No obstante ser considerables las pérdidas del Ejército de la fe en aquel día, no advertí descontento en los valientes soldados de a pie y a caballo. Por la noche, comentando la batalla, predominaba la opinión de que había sido victoria manifiesta, y no derrota como creían los menos en número, y los mal pensados y agoreros. Cierto que no habíamos tomado el fuerte de la Estrella; mas los cristianos no habían avanzado una pulgada en sus posiciones... Cada paso valle arriba les había de costar muy caro... Debíamos dejarles subir, internarse, para exterminarles más a gusto. Esto decían. ¡Dichoso pueblo, que con el fuego de la creencia en Dios enciende el de la confianza en sí mismo! Nada teme: los obstáculos le enardecen. Nunca espera lo malo: sus ojos, iluminados por la fe, ven con tintas de rosa y azul los días venideros. ¡Pueblo noble y santo, digno de dominar toda la tierra!

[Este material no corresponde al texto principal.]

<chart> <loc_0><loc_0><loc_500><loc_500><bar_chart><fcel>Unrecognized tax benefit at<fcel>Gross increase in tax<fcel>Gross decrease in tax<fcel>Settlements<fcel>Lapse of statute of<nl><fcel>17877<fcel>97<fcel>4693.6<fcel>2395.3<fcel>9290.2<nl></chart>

¡Loor al Muy Alto! Invitado a cenar con el Príncipe, encontrele sombrío, como si no estuviera satisfecho del giro que llevaban las cosas de la guerra. Contaba, sí, con mayor contingente de tropas, que el Sultán le mandaría bajo la bandera del Príncipe Muley Ahmed Ben Abderrahman; contaba con el valor indomable de los montañeses, de los facíes y demás elementos de su Ejército; mas no tenía tranquilidad, viendo la creciente arrogancia de los españoles, sus obras de atrincheramiento, su poderosa artillería, y la perseverancia calmosa con que iban conquistando el terreno. A esto le dije yo, para consolarle y levantar su ánimo, que la acción de aquel día me revelaba poca decisión de los cristianos para seguir adelante. Aparentaban más fuerza de la que tienen, y tras de su afectado coraje, se advertía el cansancio, y las ganas de volverse a su país. Movió la cabeza Muley El Abbás con expresión de tristeza dubitativa, y yo proseguí con mayor fuego de persuasión: «Creed que si alguna ventaja obtienen los enemigos de Allah, es porque Allah les favorece en apariencia para estimular el ardimiento de los fieles. Así el Profeta, en sus luchas contra los traidores, no se acobardaba ante los avances de estos, sino que les dejaba llegar hasta donde podía destruirles sin que quedara uno solo para contarlo. En el Libro Santo encuentro ejemplos mil de esta consoladora táctica del Único Dios. Ya sabéis que está escrito: «Satán había preparado sus batallas, y les decía: soy vuestro auxiliar y os hago invencibles. Mas llegado el momento, les volvía la espalda diciéndoles: Pereced ahora y sufrid los terribles castigos de Dios...». Seguid leyendo, y veréis que está escrito: «Hiriéndoles en el rostro y en el pecho, los ángeles quitan en un punto la vida a todos los infieles... y les gritan: Id a gustar las penas del Infierno».